Triton Server provides a common solution for AI inferencing. Therefore, researchers can focus on creating high-quality trained models, DevOps engineers can focus on deployment, and developers can focus on applications without the need to redesign the platform for each AI-powered application.

Here are some of the key features of Triton Server:

  • Support for multiple frameworks. Triton Server can handle a mix of models, and the number of models is limited only by system disk and memory resources. It can support the TensorRT, TensorFlow GraphDef, TensorFlow SavedModel, ONNX, PyTorch, and Caffe2 NetDef model formats.

  • *Concurrent model execution. *Multiple models or multiple instances of the same model can be run simultaneously on a GPU.

  • Multi-GPU support. Triton Server can maximize GPU utilization by enabling inference for multiple models on one or more GPUs.

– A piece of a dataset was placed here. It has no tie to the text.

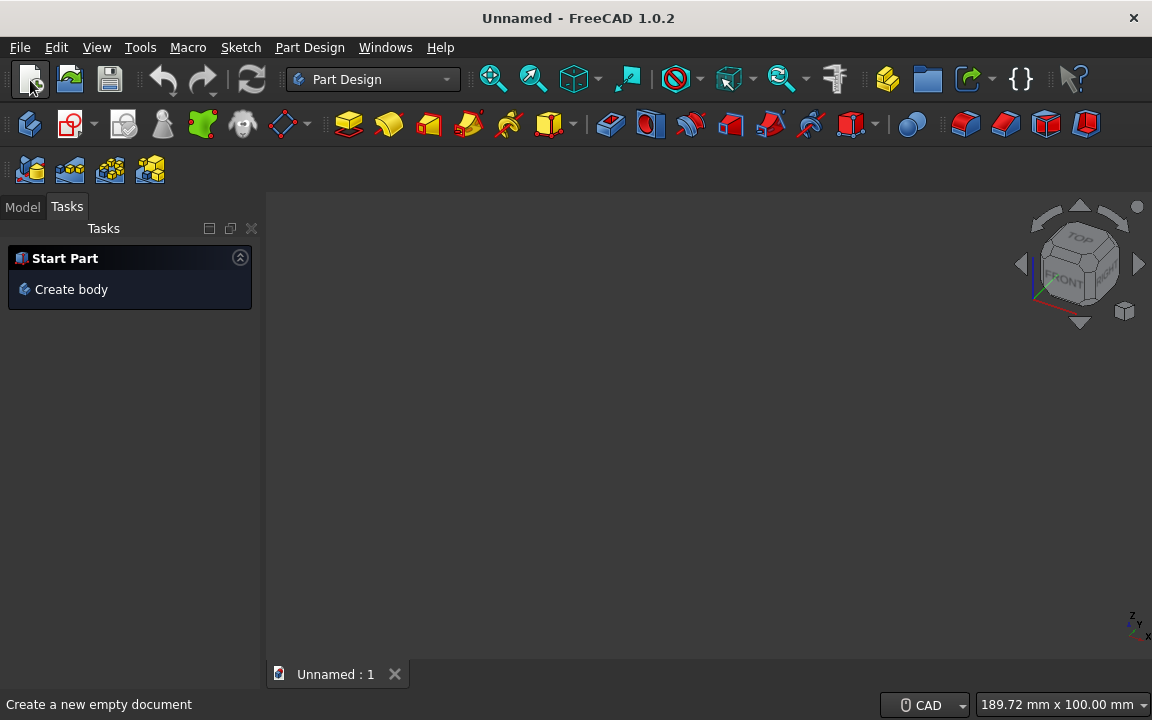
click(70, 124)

  • Support for batching. Triton Server can accept requests for a batch of inputs and respond with the corresponding batch of outputs. The inference server supports multiple scheduling and batching algorithms that combine individual inference requests together to improve inference throughput. Batching algorithms are available for both stateless and stateful applications and need to be used appropriately. These scheduling and batching decisions are transparent to the client that is requesting inference.

  • Ensemble support. An ensemble is a pipeline with multiple models with connections of input and output tensors between those models. An inference request can be made to an ensemble, which results in the execution of the complete pipeline.

  • Metrics. Metrics are details about GPU utilization, server throughput, server latency, and health for auto scaling and load balancing.

NetApp HCI is a hybrid multi-cloud infrastructure that can host multiple workloads and applications, and the Triton Inference Server is well equipped to support the inferencing requirements of multiple applications.

In this solution, Triton Server is deployed on the Kubernetes cluster using a deployment file. With this method, the default configuration of Triton Server can be overridden and customized as required. Triton Server also provides an inference service using an HTTP or GRPC endpoint, allowing remote clients to request inferencing for any model that is being managed by the server.

A Persistent Volume is presented via NetApp Trident to the container that runs the Triton Inference Server and this persistent volume is configured as the model repository for the Inference server.

The Triton Inference Server is deployed with varying sets of resources using Kubernetes deployment files, and each server instance is presented with a LoadBalancer front end for seamless scalability. This approach also illustrates the flexibility and simplicity with which resources can be allocated to the inferencing workloads.